From the line with "culture: Italy, Verona" through the line with "classification: Vessels", repeat the entries verbatim, both end lines included, and add nothing.
--- SUPPLIED MATERIAL Enclosed Below ---
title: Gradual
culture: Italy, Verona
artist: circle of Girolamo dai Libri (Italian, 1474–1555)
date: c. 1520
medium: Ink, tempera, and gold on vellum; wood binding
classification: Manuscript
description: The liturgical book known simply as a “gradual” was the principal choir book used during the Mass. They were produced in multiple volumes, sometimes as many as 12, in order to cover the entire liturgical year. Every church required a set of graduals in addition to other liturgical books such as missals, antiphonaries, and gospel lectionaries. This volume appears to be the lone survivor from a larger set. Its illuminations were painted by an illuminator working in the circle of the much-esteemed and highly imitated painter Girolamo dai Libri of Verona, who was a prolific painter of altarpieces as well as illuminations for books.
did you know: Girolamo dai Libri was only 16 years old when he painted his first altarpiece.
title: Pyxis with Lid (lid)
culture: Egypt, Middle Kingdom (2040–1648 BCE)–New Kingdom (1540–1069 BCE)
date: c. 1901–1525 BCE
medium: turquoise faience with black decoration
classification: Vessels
--- End of Enclosed SUPPLIED MATERIAL ---
--- SUPPLIED MATERIAL Enclosed Below ---
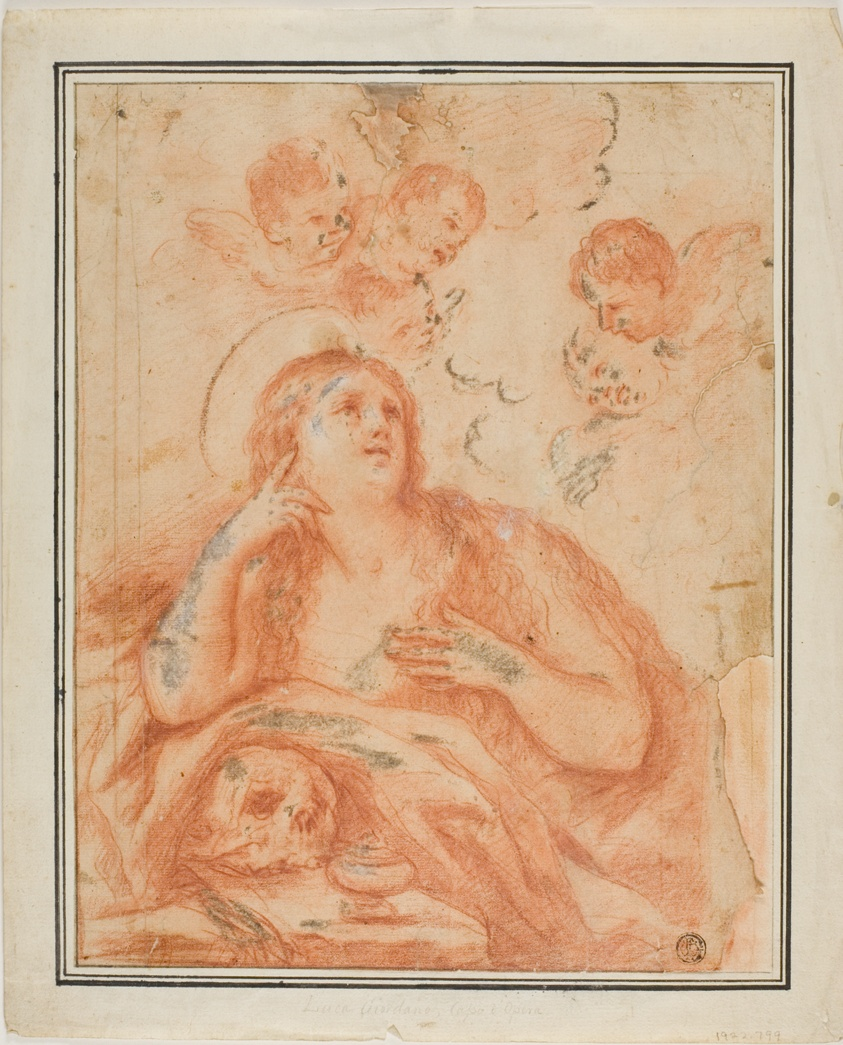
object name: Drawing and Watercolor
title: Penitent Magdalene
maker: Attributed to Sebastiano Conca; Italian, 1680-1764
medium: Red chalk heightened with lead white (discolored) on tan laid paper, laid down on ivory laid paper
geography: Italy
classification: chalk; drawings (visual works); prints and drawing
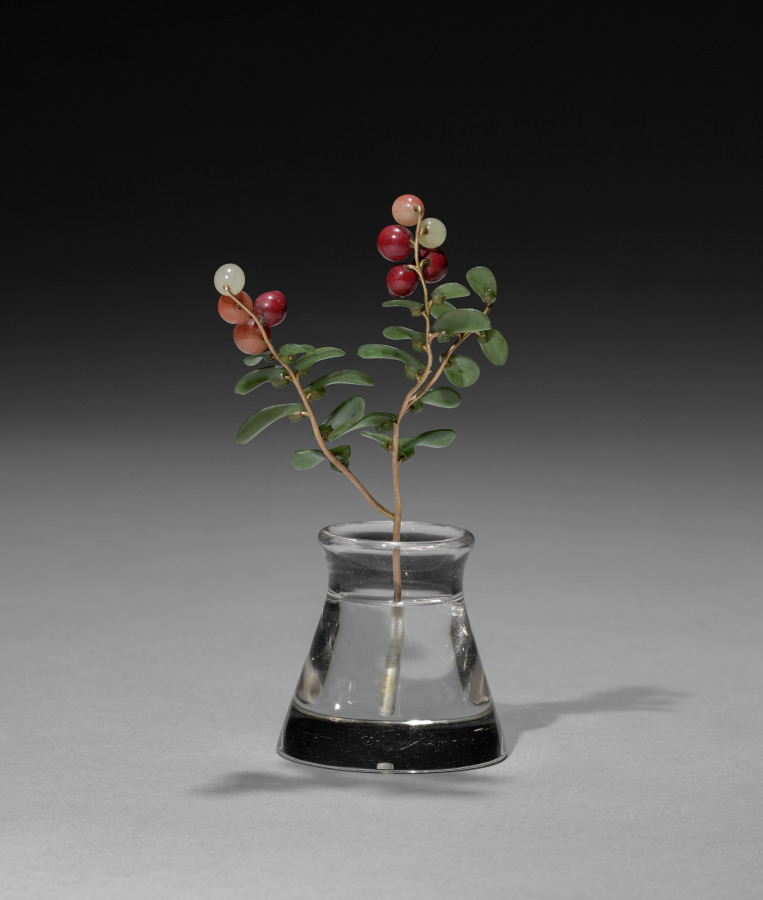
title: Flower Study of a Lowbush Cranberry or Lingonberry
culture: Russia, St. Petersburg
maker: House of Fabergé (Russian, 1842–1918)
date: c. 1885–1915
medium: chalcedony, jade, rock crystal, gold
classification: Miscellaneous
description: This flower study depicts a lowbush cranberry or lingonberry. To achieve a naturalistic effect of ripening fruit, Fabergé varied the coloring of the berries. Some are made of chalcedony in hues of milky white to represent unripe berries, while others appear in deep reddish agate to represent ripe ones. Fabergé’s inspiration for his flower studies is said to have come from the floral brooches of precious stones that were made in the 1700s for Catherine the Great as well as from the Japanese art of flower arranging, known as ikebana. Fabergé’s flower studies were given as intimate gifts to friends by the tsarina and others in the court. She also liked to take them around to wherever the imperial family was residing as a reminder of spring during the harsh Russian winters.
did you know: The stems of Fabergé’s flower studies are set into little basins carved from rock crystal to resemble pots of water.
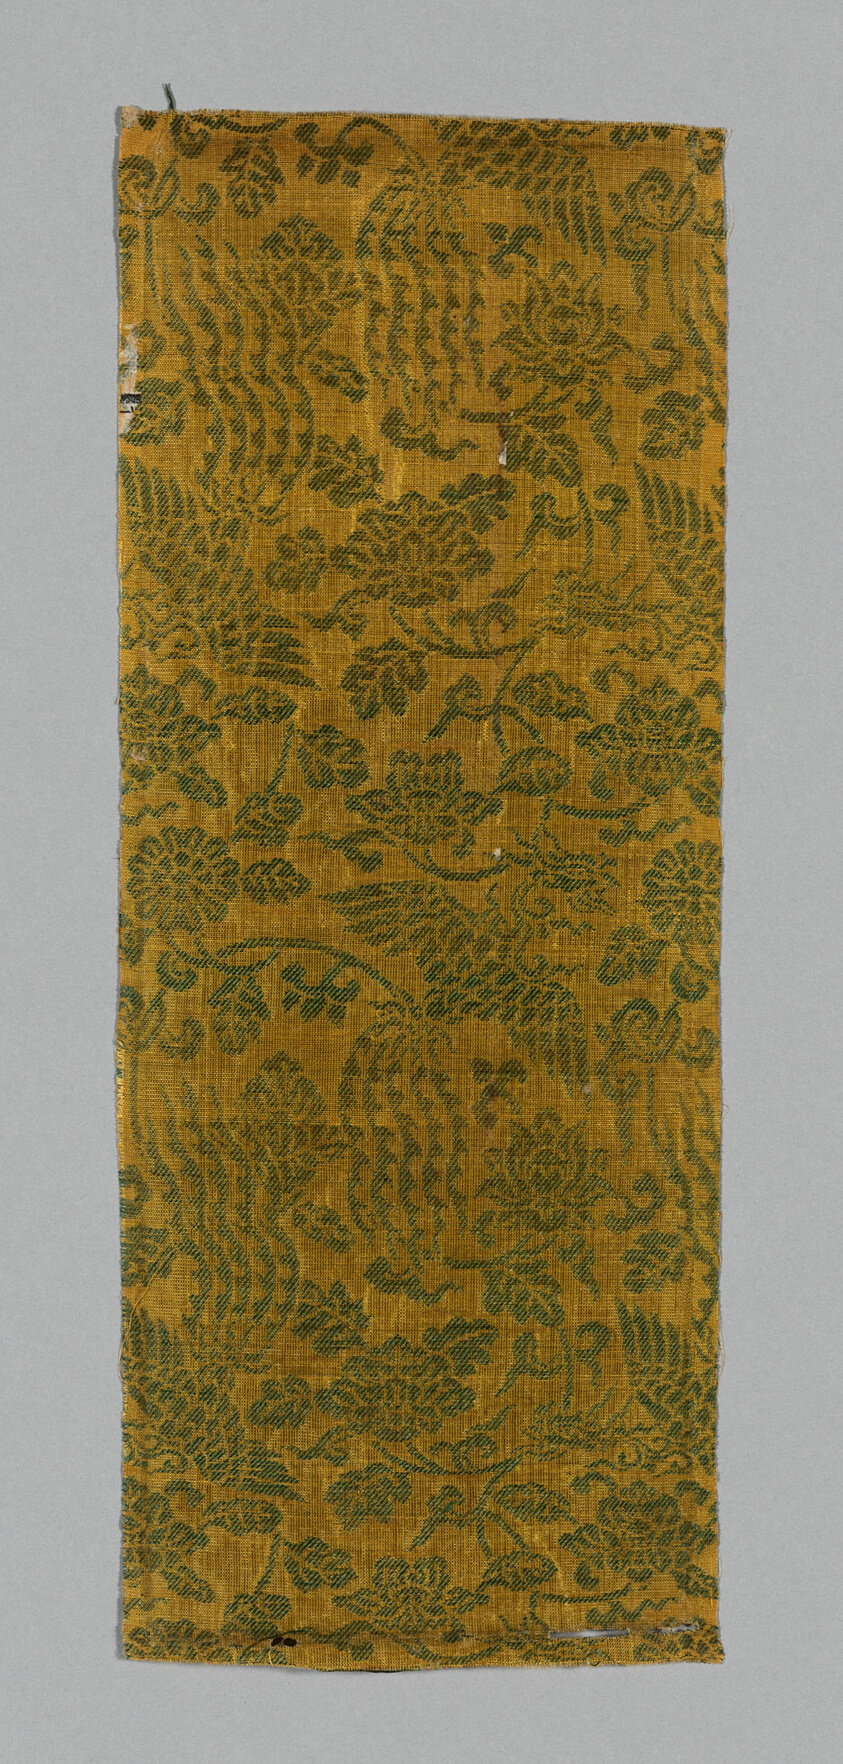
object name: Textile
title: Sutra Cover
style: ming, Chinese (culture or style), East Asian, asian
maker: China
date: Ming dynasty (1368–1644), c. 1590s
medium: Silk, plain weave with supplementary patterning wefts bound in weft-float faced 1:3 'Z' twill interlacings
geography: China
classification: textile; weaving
--- End of Enclosed SUPPLIED MATERIAL ---
--- SUPPLIED MATERIAL Enclosed Below ---
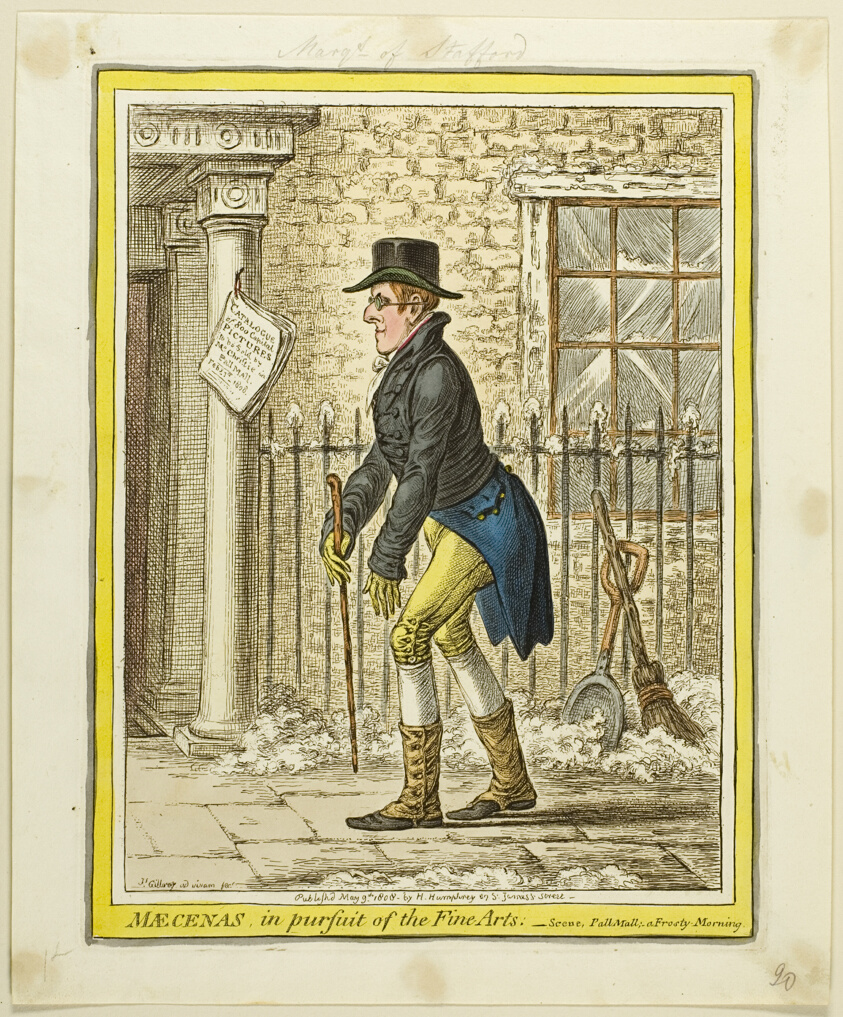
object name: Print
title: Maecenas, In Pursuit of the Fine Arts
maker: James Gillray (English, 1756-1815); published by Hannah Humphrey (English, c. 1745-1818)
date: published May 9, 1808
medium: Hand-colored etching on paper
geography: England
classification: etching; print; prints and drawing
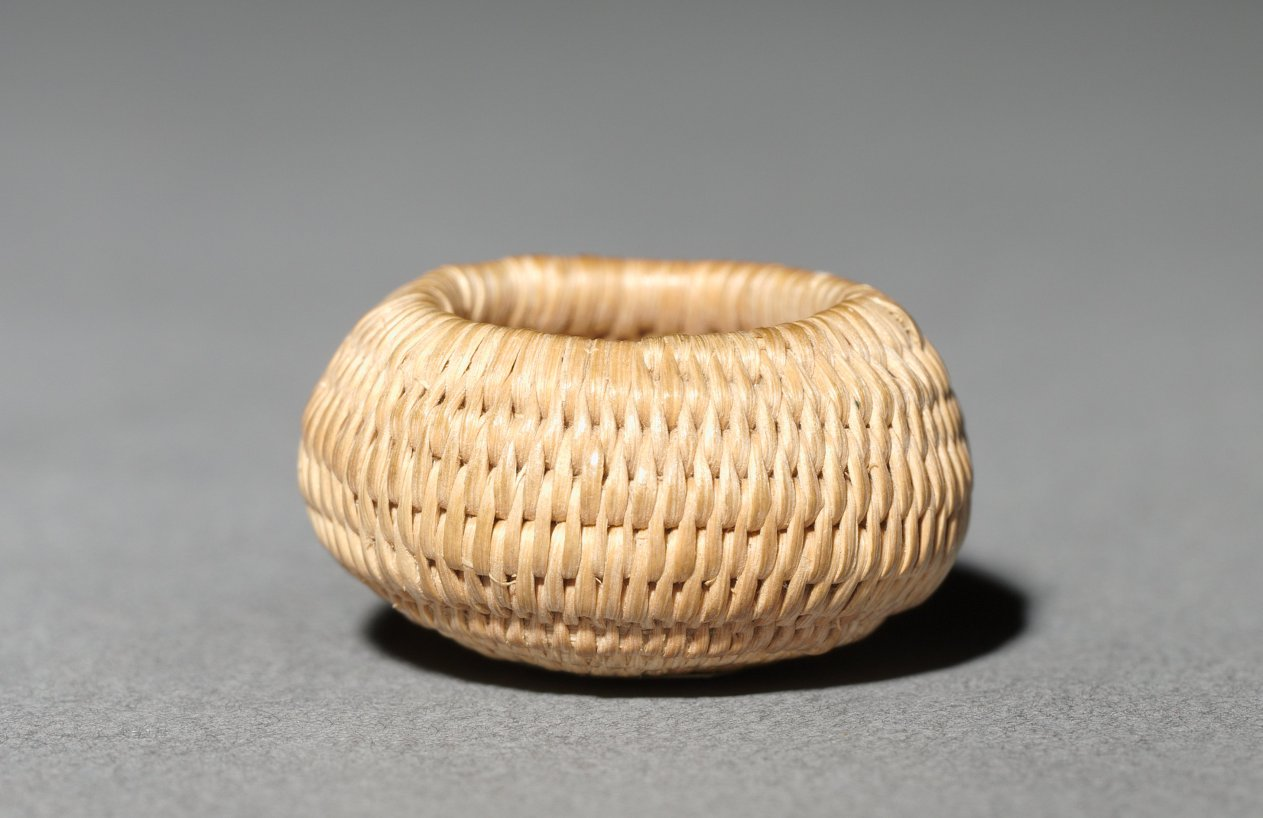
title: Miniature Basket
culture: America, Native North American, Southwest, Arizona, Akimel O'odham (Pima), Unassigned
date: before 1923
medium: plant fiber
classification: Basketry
--- End of Enclosed SUPPLIED MATERIAL ---
> _RESULT OF THIS TASK_:
culture: Italy, Verona
artist: circle of Girolamo dai Libri (Italian, 1474–1555)
date: c. 1520
medium: Ink, tempera, and gold on vellum; wood binding
classification: Manuscript
description: The liturgical book known simply as a “gradual” was the principal choir book used during the Mass. They were produced in multiple volumes, sometimes as many as 12, in order to cover the entire liturgical year. Every church required a set of graduals in addition to other liturgical books such as missals, antiphonaries, and gospel lectionaries. This volume appears to be the lone survivor from a larger set. Its illuminations were painted by an illuminator working in the circle of the much-esteemed and highly imitated painter Girolamo dai Libri of Verona, who was a prolific painter of altarpieces as well as illuminations for books.
did you know: Girolamo dai Libri was only 16 years old when he painted his first altarpiece.
title: Pyxis with Lid (lid)
culture: Egypt, Middle Kingdom (2040–1648 BCE)–New Kingdom (1540–1069 BCE)
date: c. 1901–1525 BCE
medium: turquoise faience with black decoration
classification: Vessels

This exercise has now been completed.